Przekroczyć barierę kłamstwa
- Polska dzisiejsza ma w swoim fundamencie upominanie się o przekreślenie kłamstwa katyńskiego - przypomniał polski prezydent. Dodał, że nasz kraj stawia na to, by "przekroczyć barierę kłamstwa katyńskiego" i "nie tylko samemu uzyskać historyczną satysfakcję, by pokazać własny dramat i straty, ale także po to, by samej Rosji ułatwić przezwyciężenie własnej dramatycznej historii z czasów stalinowskich". Komorowski podkreślił, że Polska chce Rosji "demokratyzującej się, która potrafi przekraczać bariery historyczne i takiej, która chce dialogu". - Chcemy takiej Rosji, która będzie traktowała z należytym szacunkiem, zgodnie z zasadami dobrego sąsiedztwa wszystkich swoich sąsiadów - dodał.

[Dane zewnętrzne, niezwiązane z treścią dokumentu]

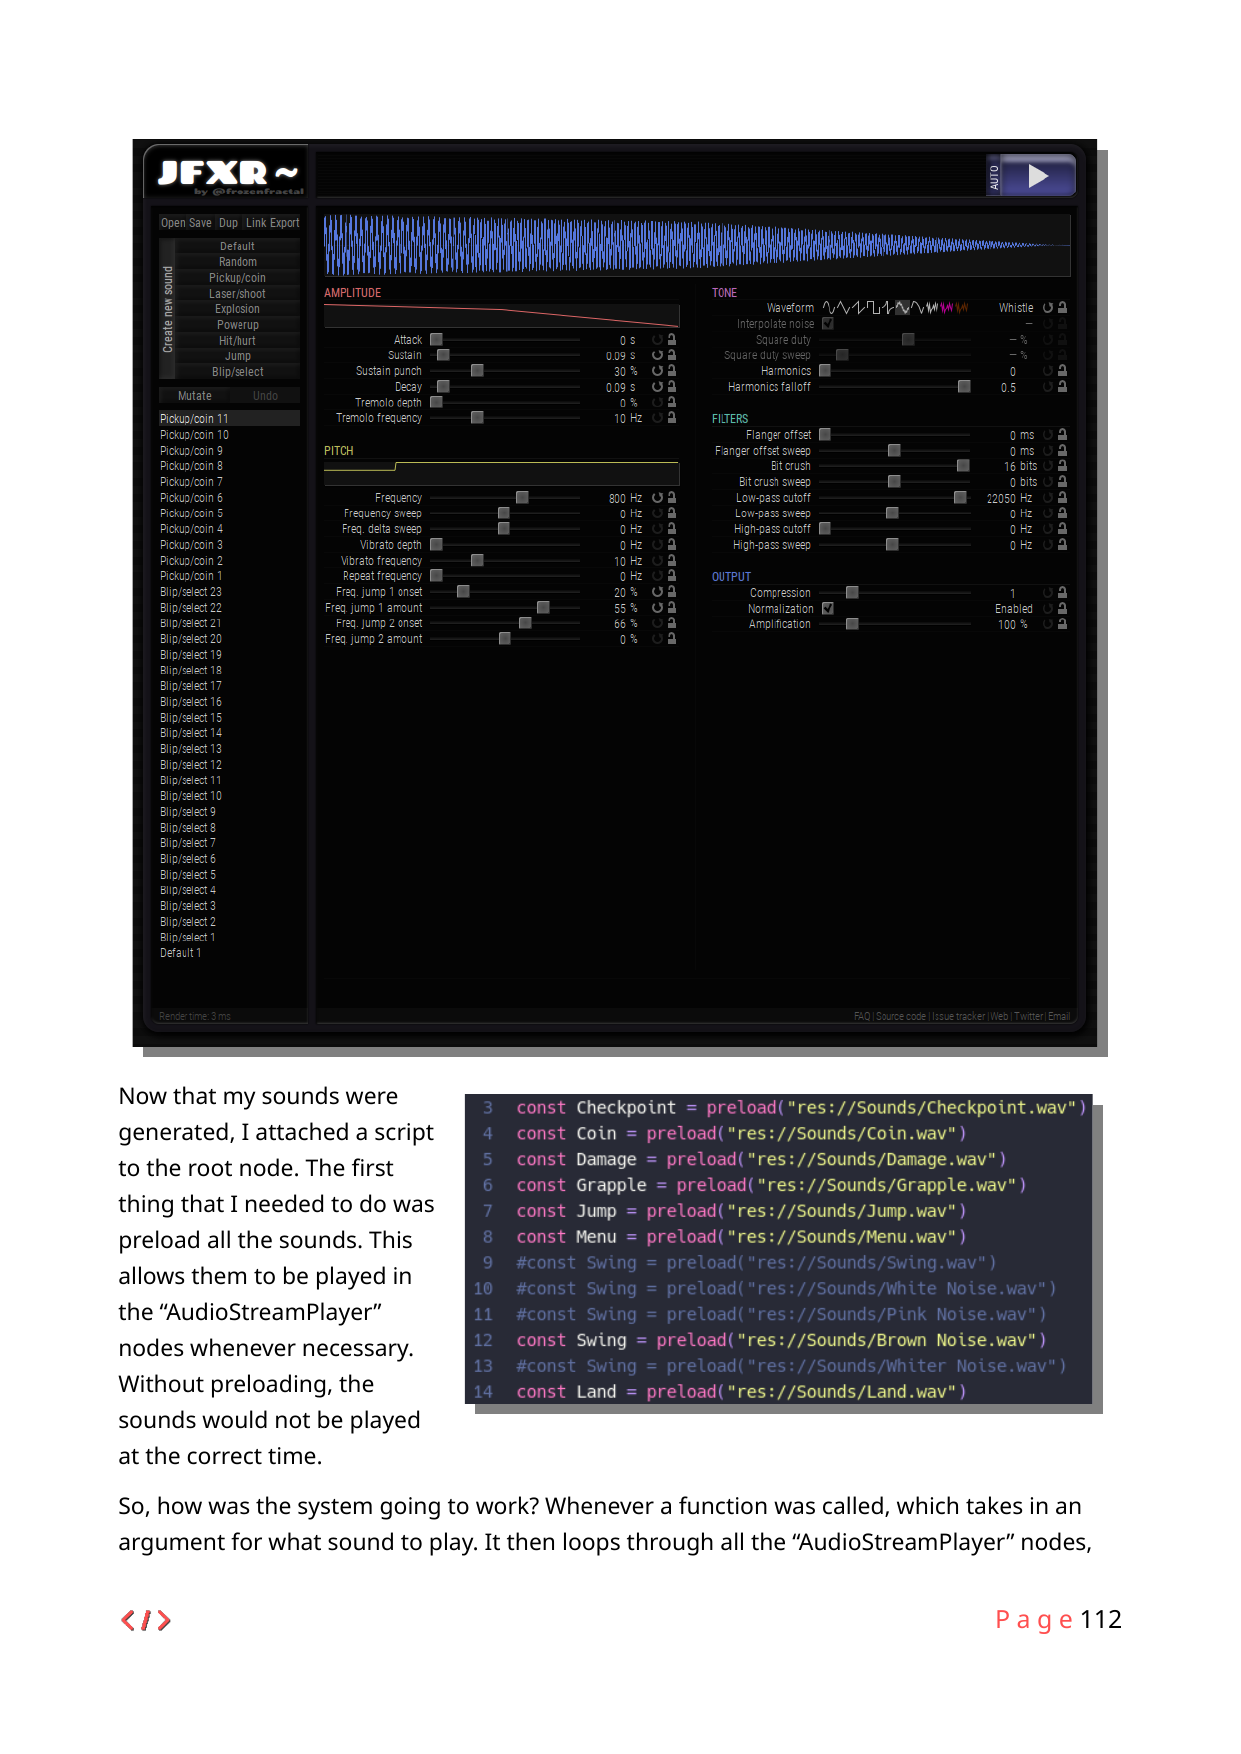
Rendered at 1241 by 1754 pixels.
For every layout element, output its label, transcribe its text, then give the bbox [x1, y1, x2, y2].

picture [464, 1094, 1093, 1404]
picture [116, 1591, 175, 1649]
text Now that my sounds were generated, I attached a script to the root node. The first thing that I needed to do was preload all the sounds. This allows them to be played in the “AudioStreamPlayer” nodes whenever necessary. Without preloading, the sounds would not be played at the correct time. [118, 118, 1122, 1471]
text So, how was the system going to work? Whenever a function was called, which takes in an argument for what sound to play. It then loops through all the “AudioStreamPlayer” nodes, [118, 1490, 1122, 1557]
picture [132, 139, 1098, 1047]
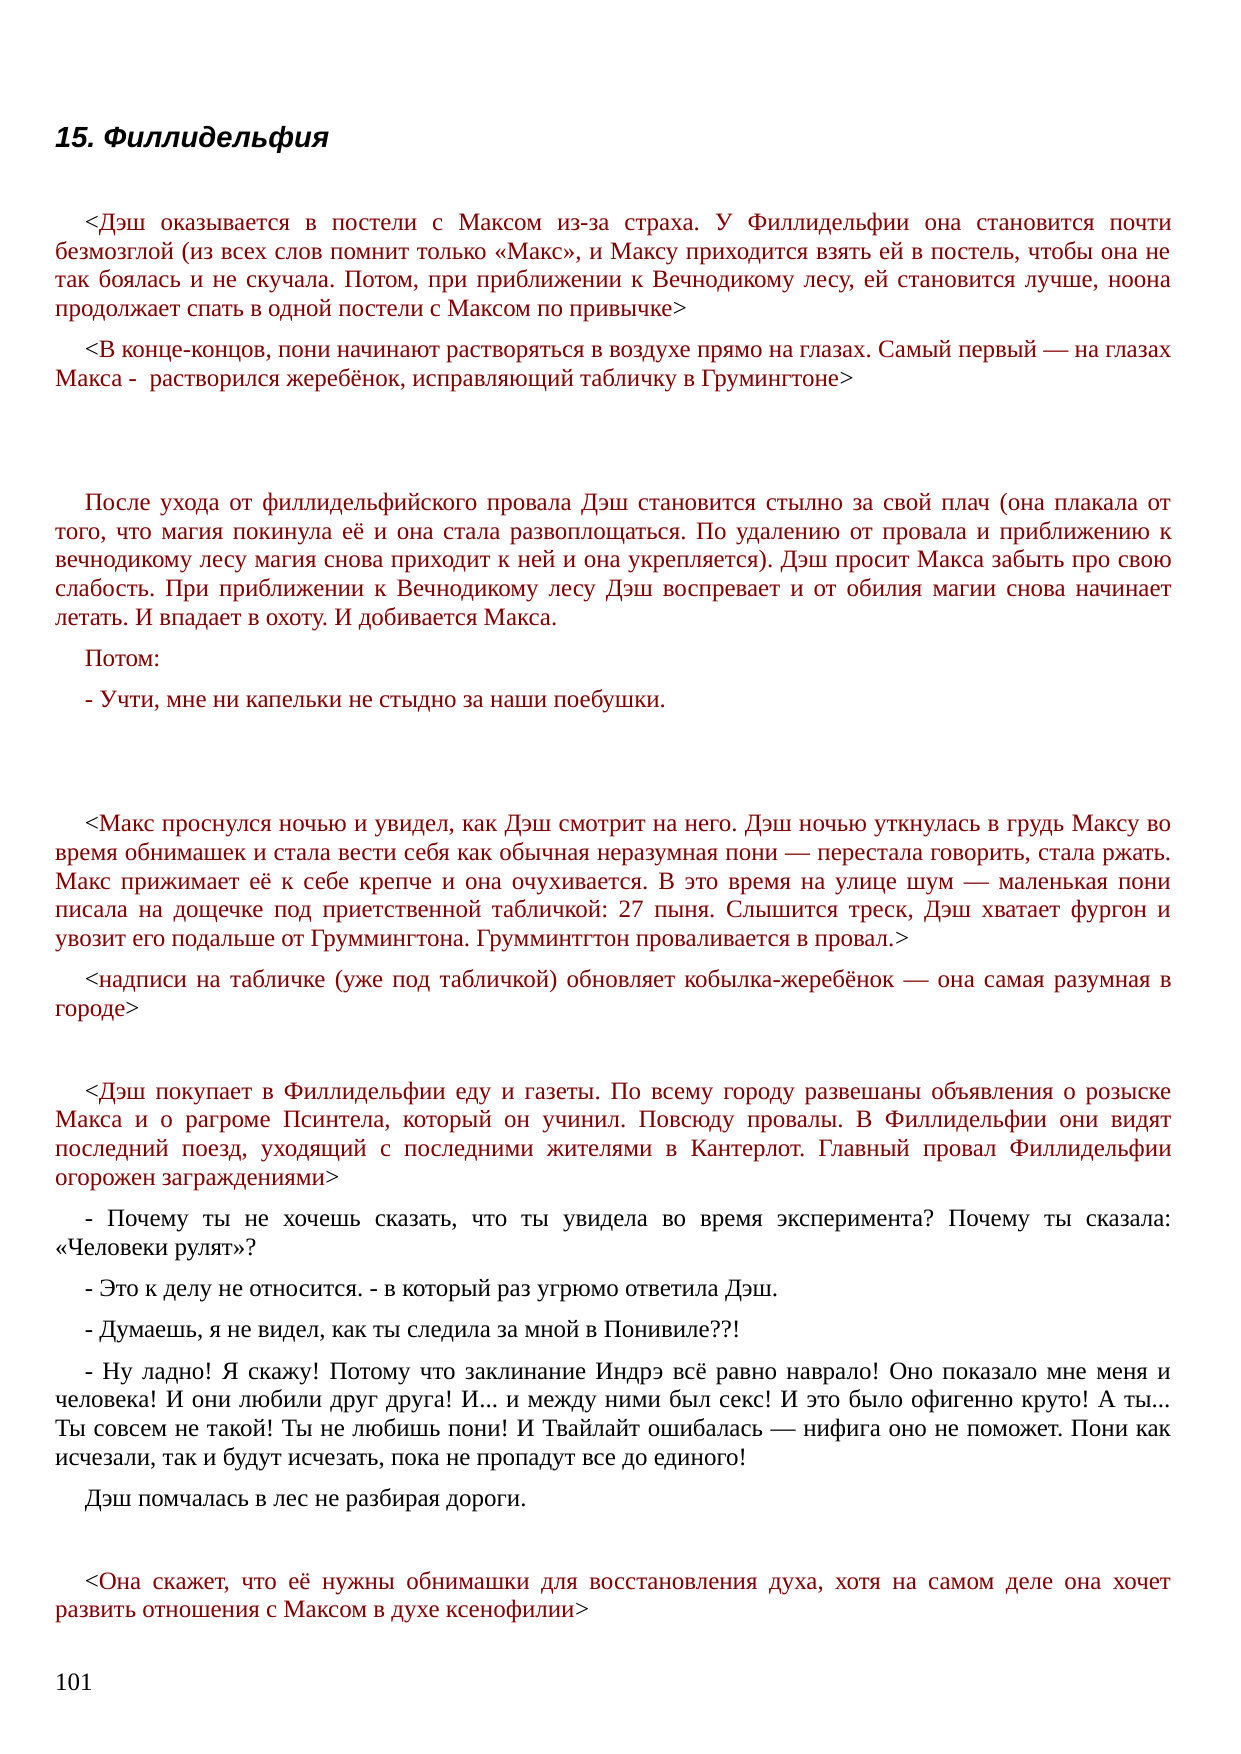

W swoim wykładzie Bronisław Komorowski poświęcił uwagę także Białorusi. - Polska jest po stronie społeczeństwa białoruskiego, walczącego o swoją szansę na życie w normalnym państwie - oświadczył. Dodał, że nasz kraj jest zwolennikiem twardego kursu wobec władz białoruskich. - Nie można udawać, że tam nie biją ludzi. Nie można udawać, że nie widzimy, że tam nie ma demokracji - argumentował. - Musimy stosować jednoznaczne kryteria oceny władzy i musimy mieć odwagę pomagania Białorusinom w ich drodze ku demokracji i wolności - dodał. Odnosząc się z kolei do Ukrainy Komorowski zaznaczył, że Polska chce, aby jej wschodni sąsiad był wolny, demokratyczny i uczestniczył w integracji europejskiej. - Ostatnimi krajami, które mogą zgodzić się na zamykanie drzwi za sobą są te kraje, które ostatnie dostały się do UE - stwierdził prezydent. Zapewnił, że Polska będzie trzymała "nogę w drzwiach UE bardzo długo, mówiąc >chodźcie, zmieńcie się<".